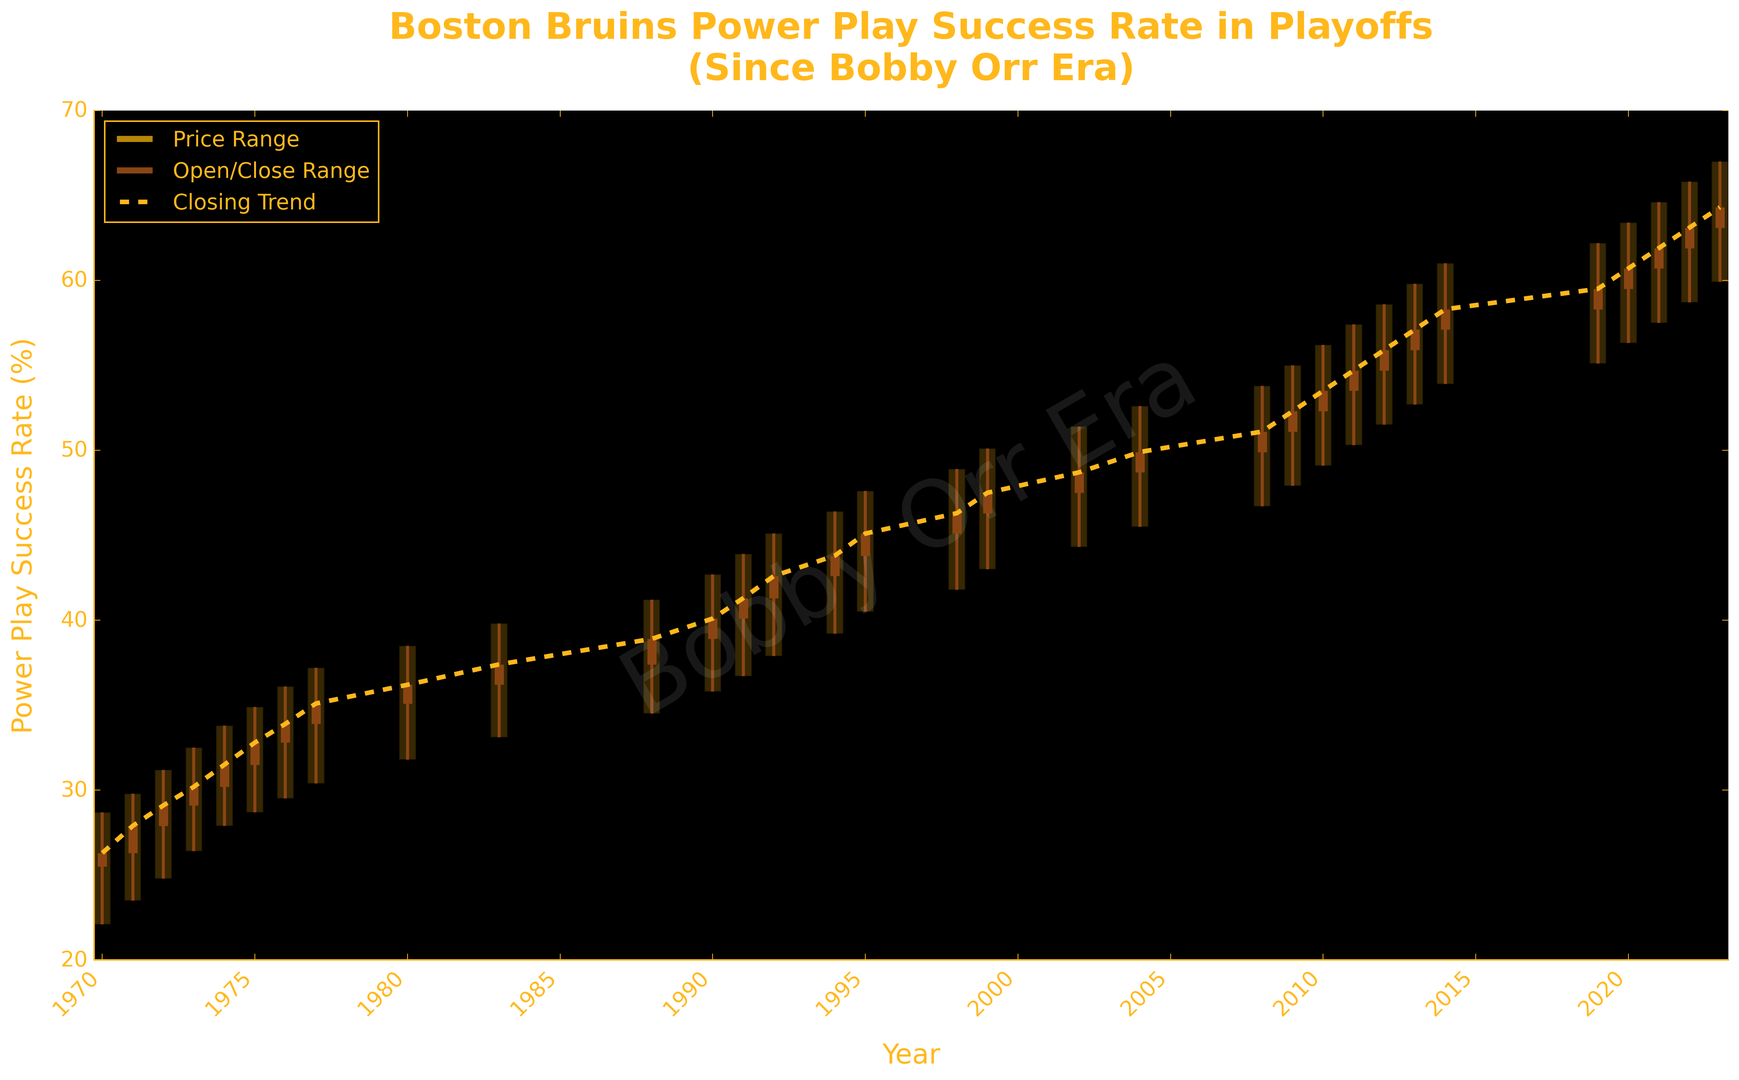When did the Boston Bruins' power play success rate reach its peak, and what was that rate? Based on the highest point visible on the candlestick chart, locate the year and the corresponding highest rate. The highest point on the chart is in 2023 with a rate of 67.0%.
Answer: 2023, 67.0% How did the power play success rate in 1988 compare to 1991? Identify the "Close" values for 1988 and 1991 respectively from the chart, where the "Close" value represents the final power play success rate for that year. In 1988, the "Close" rate is 38.9%, and in 1991, it's 41.3%. Comparing these, 41.3% (1991) is higher than 38.9% (1988).
Answer: 1991 was higher, 41.3% vs 38.9% What trend can be seen in the power play success rate from 2010 to 2014? Trace the "Close" values from the years 2010 (53.5%) to 2014 (58.3%). There is a general upward trend as each year's closing rate increases step-by-step in this period.
Answer: Upward trend Which year had the greatest difference between the highest and lowest power play success rates? To find this, calculate the difference (High - Low) for each year from the chart. The greatest difference appears to be in 2023 with a difference calculated from (67.0 - 59.9 = 7.1).
Answer: 2023, difference of 7.1% What happened to the power play success rate trend after 2010 during consecutive playoff seasons? Observing the candlestick chart "Close" values after 2010: 2011 (54.7%), 2012 (55.9%), 2013 (57.1%), 2014 (58.3%). The trend suggests a steady increase in the success rate.
Answer: Increased steadily What is the average power play success rate for the playoff years shown from 1980 to 1990? Extract the "Close" values from the chart: 1980 (36.2), 1983 (37.4), 1988 (38.9), 1990 (40.1). Sum these values (36.2 + 37.4 + 38.9 + 40.1 = 152.6), and divide by the total number of years (4), resulting in an average of 38.15%.
Answer: 38.15% In what year did the power play success rate first exceed 50%? From the chart, identify the first year where the "Close" rate is greater than 50%. The first occurrence is in 2008 with a closing rate of 51.1%.
Answer: 2008 
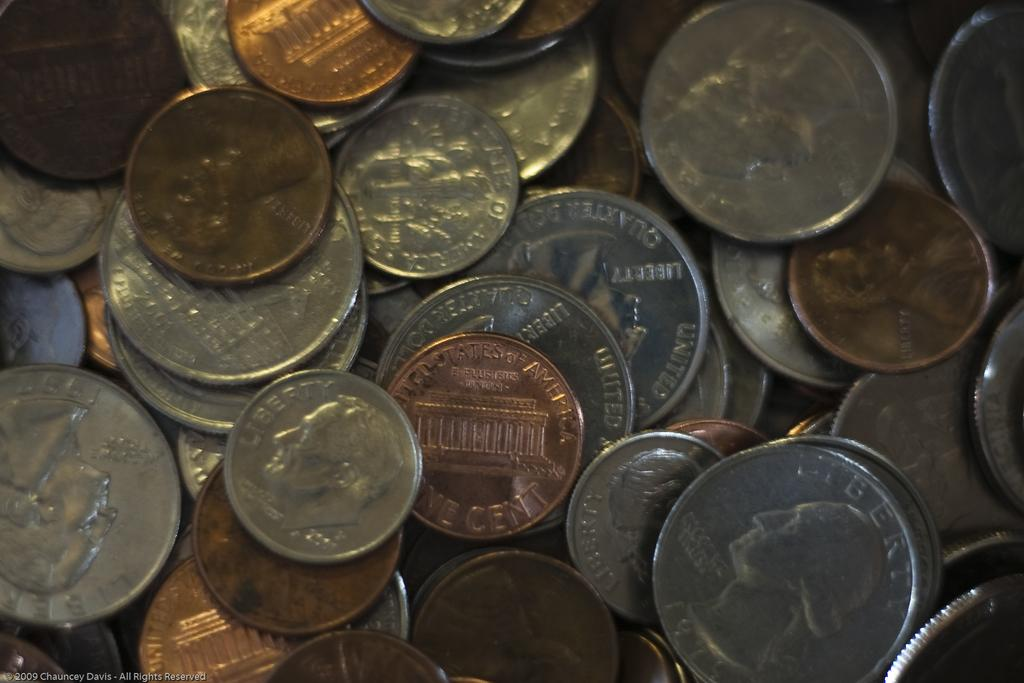Provide a one-sentence caption for the provided image. A pile of american change including a 2001 dime on the lower left. 
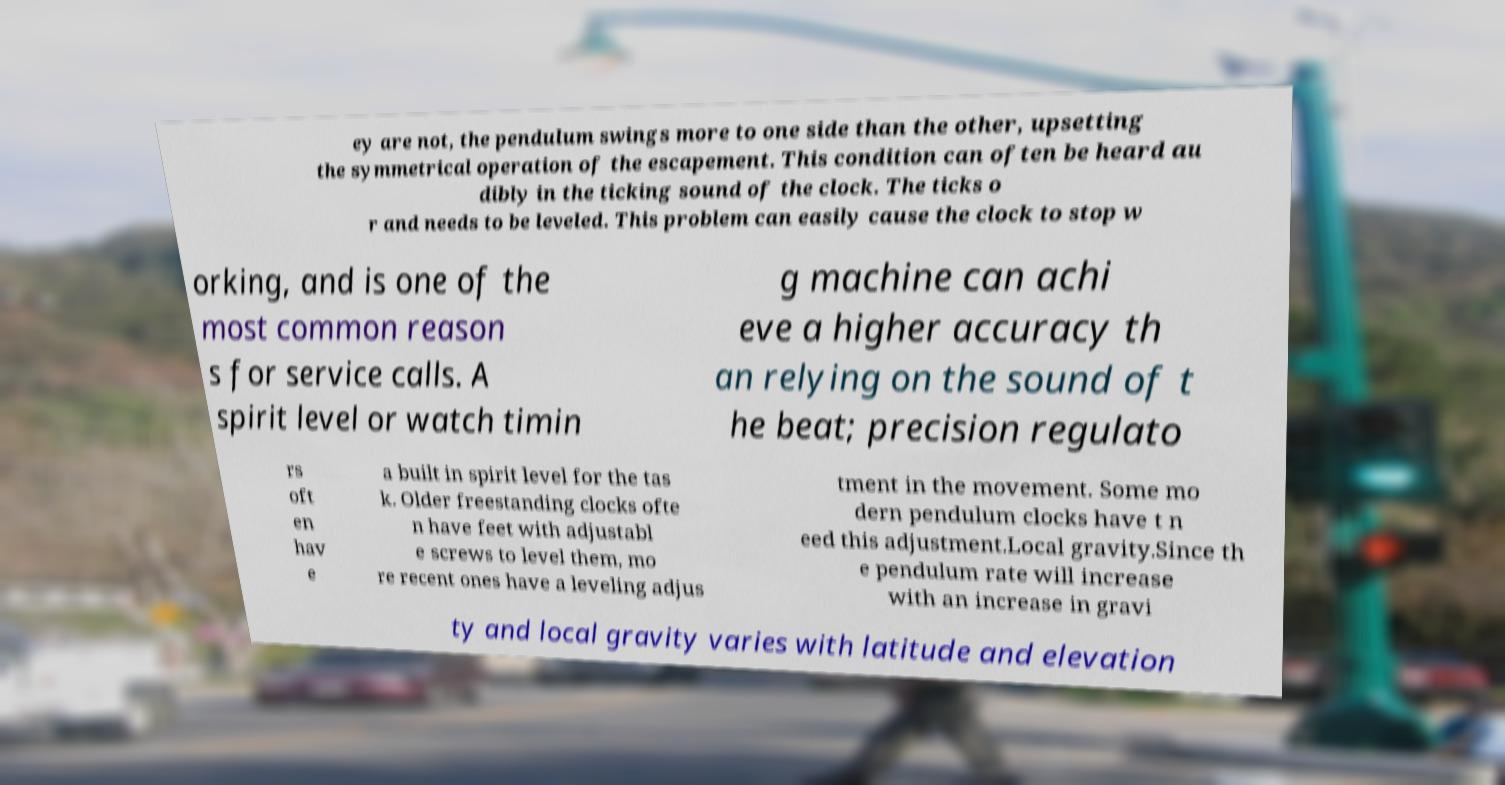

● What is being asked
Wherever a line of the data holds "closing", copy that line.

● Completed exercise
Answer: 1991 was higher, 41.3% vs 38.9% What trend can be seen in the power play success rate from 2010 to 2014? Trace the "Close" values from the years 2010 (53.5%) to 2014 (58.3%). There is a general upward trend as each year's closing rate increases step-by-step in this period.
Answer: 38.15% In what year did the power play success rate first exceed 50%? From the chart, identify the first year where the "Close" rate is greater than 50%. The first occurrence is in 2008 with a closing rate of 51.1%.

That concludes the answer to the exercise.